Permaculture Garden Design in Switzerland: Small-Space Regeneration

Permaculture garden design in Switzerland

A Family Garden Brought Back to Life

Some gardens carry stories long before a designer arrives. This small 4 × 5 meter backyard in Saint-Aubin-Sauges, Switzerland, was once tended by the client’s grandfather. When the client reached out, their wish was simple: to bring the land back to life through thoughtful permaculture garden design.

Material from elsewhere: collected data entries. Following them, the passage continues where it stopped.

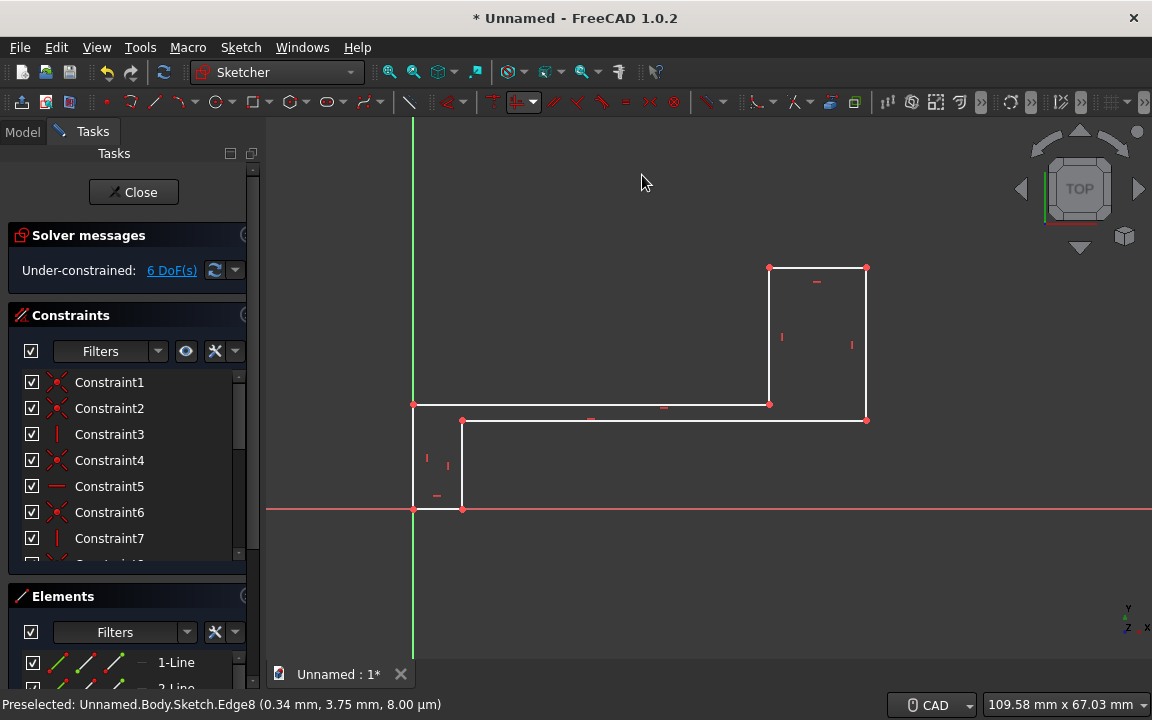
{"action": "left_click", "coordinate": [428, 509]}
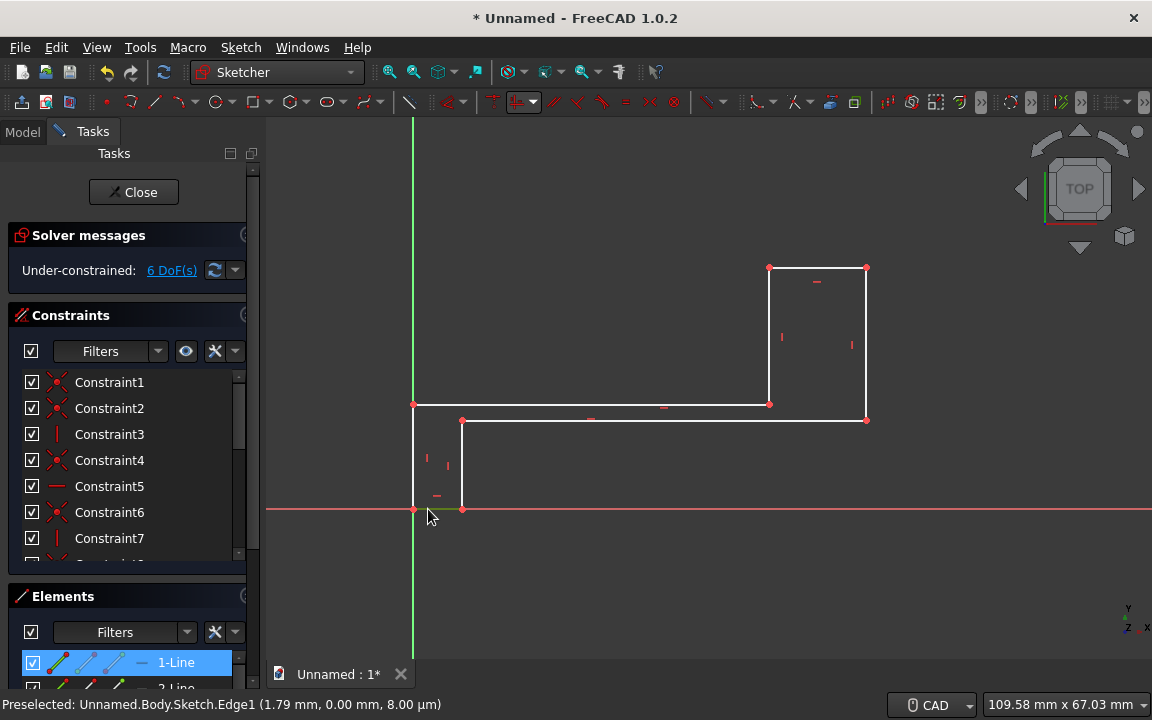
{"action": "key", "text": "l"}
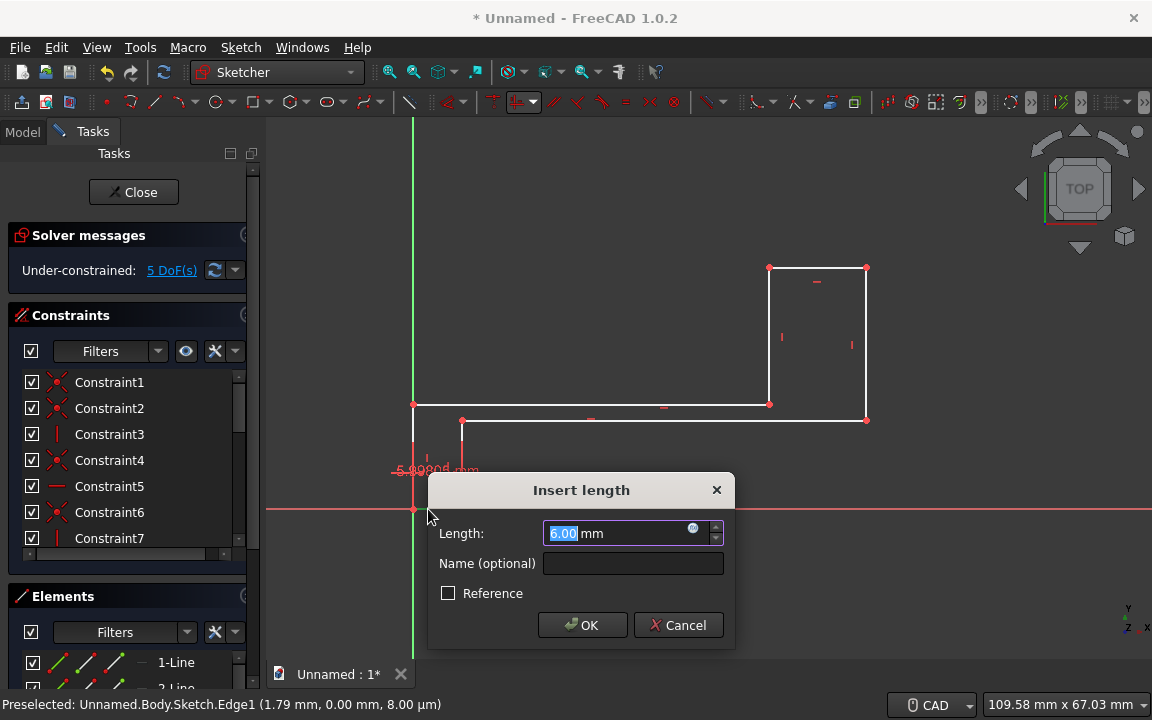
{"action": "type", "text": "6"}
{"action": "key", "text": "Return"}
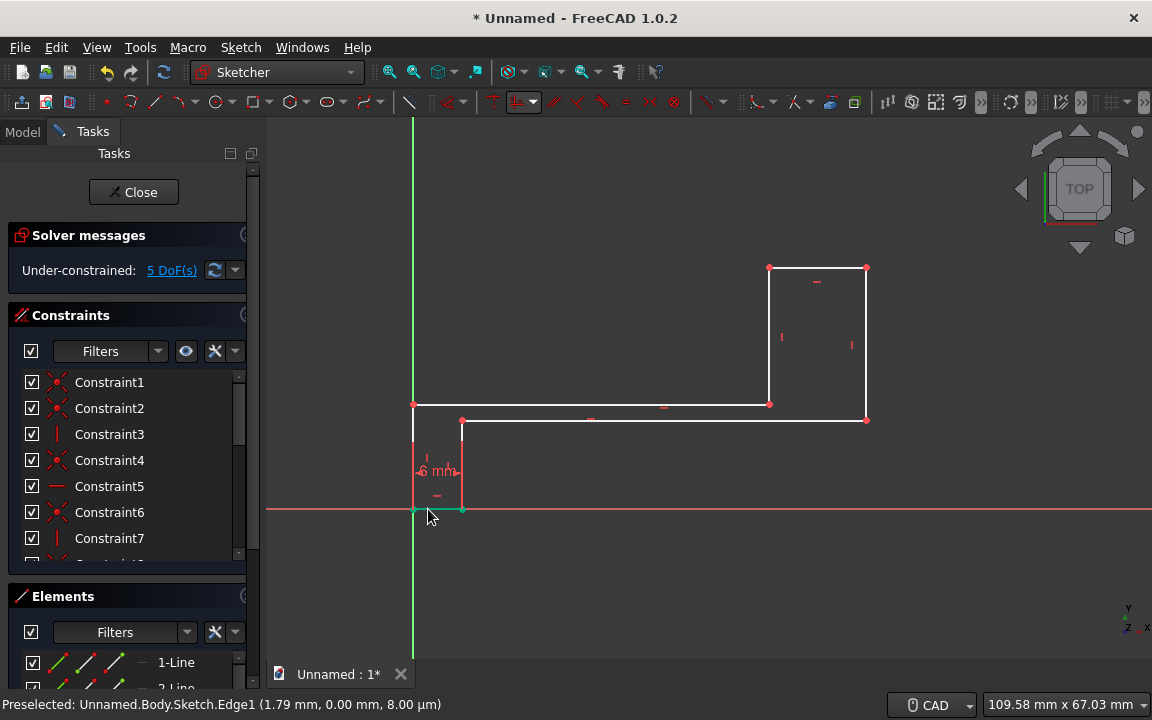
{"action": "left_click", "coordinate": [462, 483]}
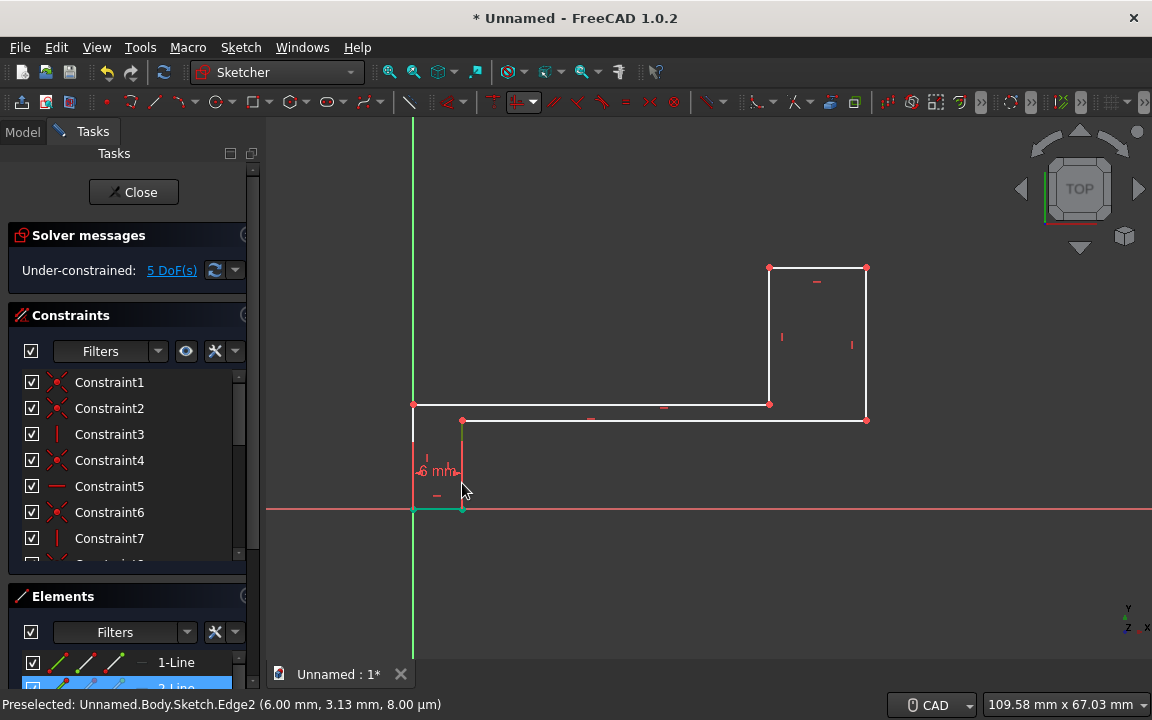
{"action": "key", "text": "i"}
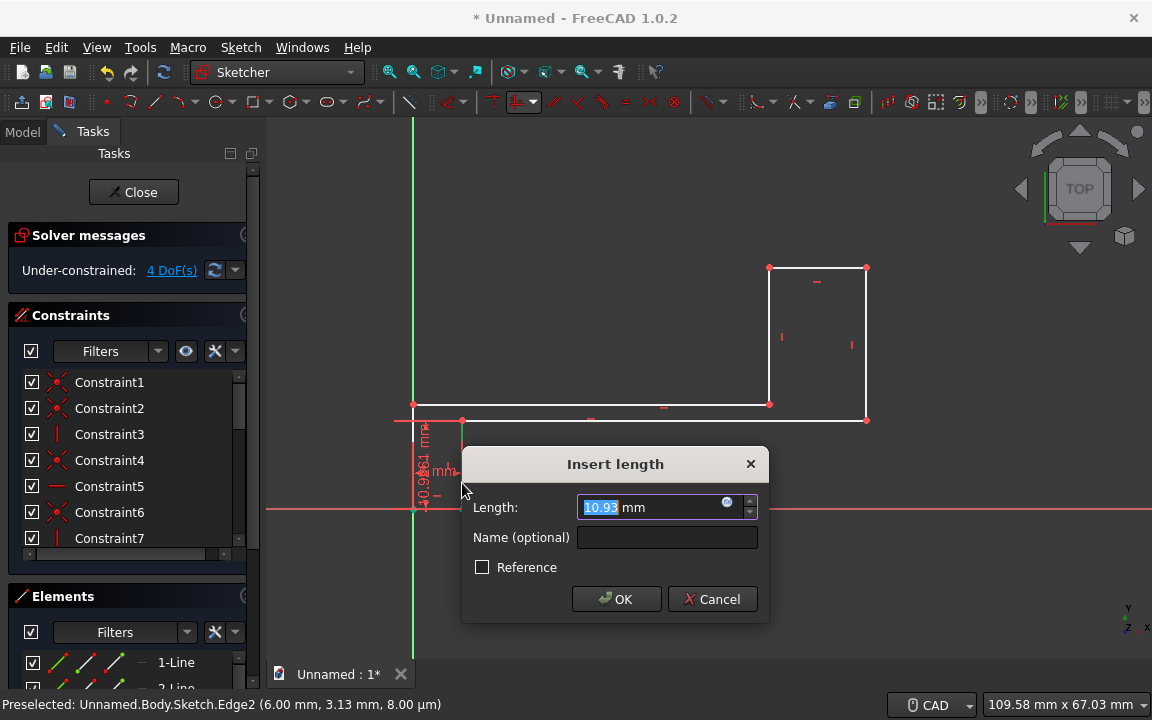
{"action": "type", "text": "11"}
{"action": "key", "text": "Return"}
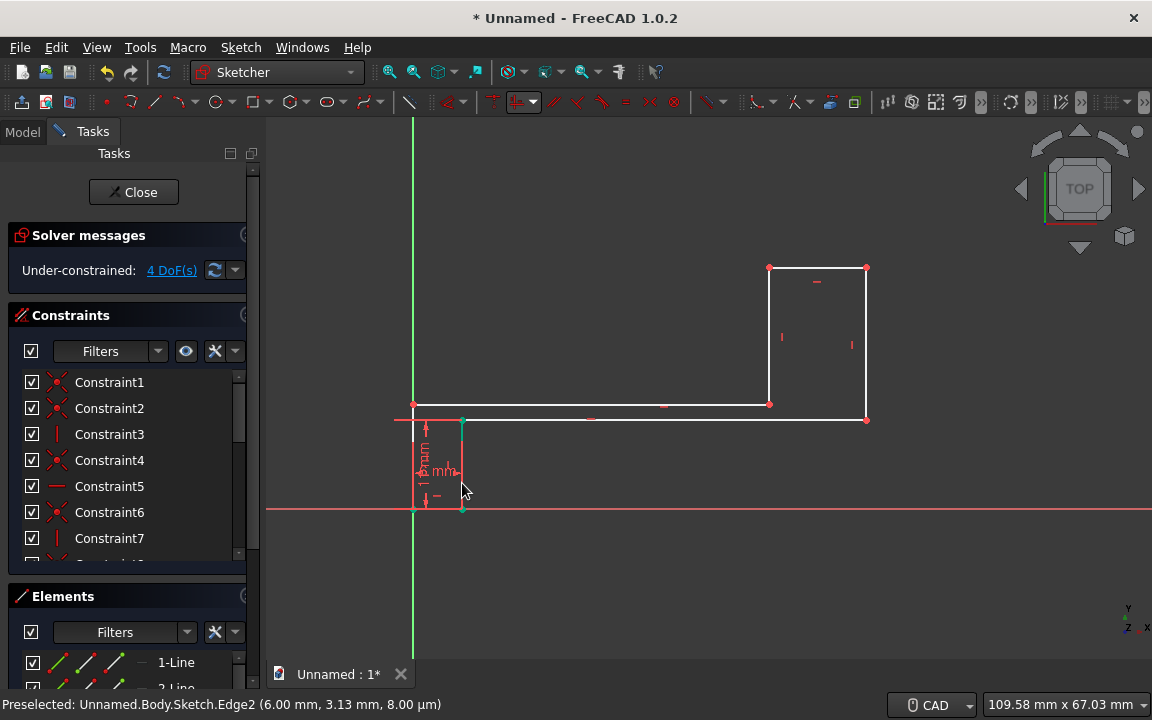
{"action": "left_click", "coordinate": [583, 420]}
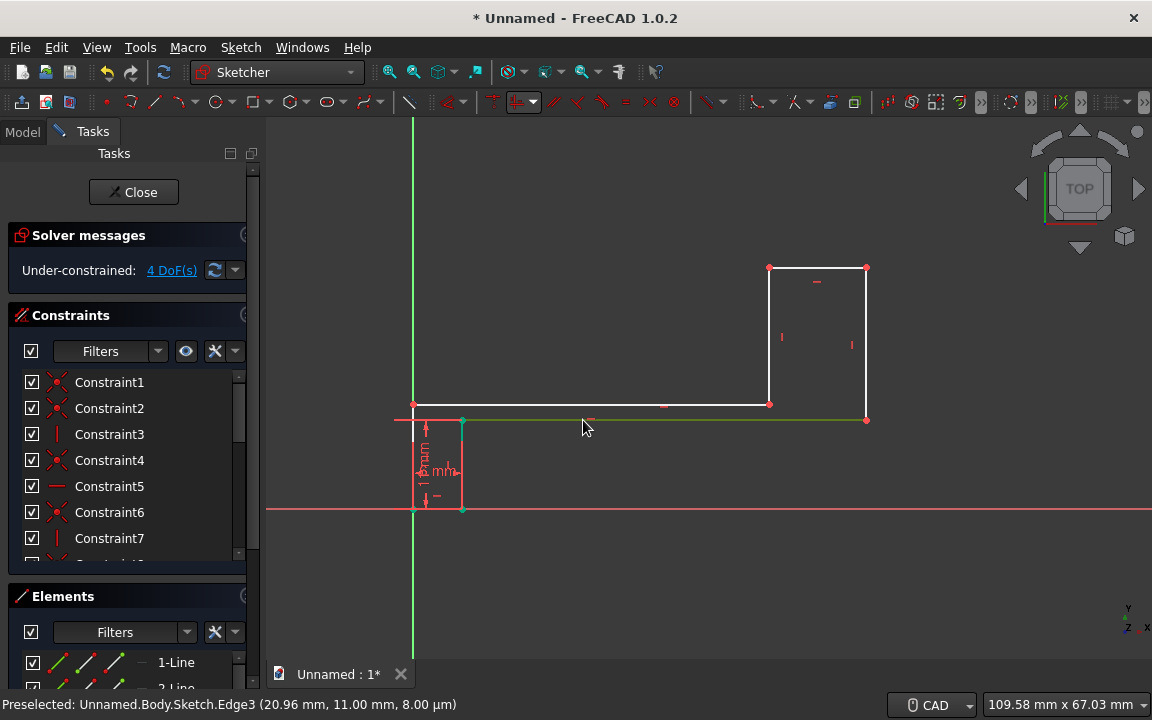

This case study shares how we transformed a compacted, sloped, nutrient-poor backyard into a thriving edible ecosystem using permaculture principles and the natural resources already on the property.

It proves that regeneration doesn’t require acres of land or expensive infrastructure. Just intention, good design, and reconnection to the land.

permaculture garden design
permaculture garden design

Project Overview

Location: Saint-Aubin-Sauges, Neuchâtel, Switzerland
Altitude: 450 m
Climate: Cfb — temperate oceanic (mild, humid, moderated by Lake Neuchâtel)
Garden Size: 20 m² (4 m × 5 m)
Original Use: Former family vegetable garden
Goals:

  • Revive the family garden
  • Build fertile soil
  • Grow food with minimal watering
  • Create structure and beauty
  • Design with existing resources
  • Keep maintenance low

Design Objectives

Together with the client, we defined a clear vision:

1. Build Soil, Build Life

Prioritize water retention, organic matter, and microbial activity.

2. Maximize Diversity in a Small Space

Four raised beds, an orchard strip, berries, herbs, and climbing crops.

3. Use On-Site Materials First

Wood, leaves, droppings, compost inputs — everything already present on the land.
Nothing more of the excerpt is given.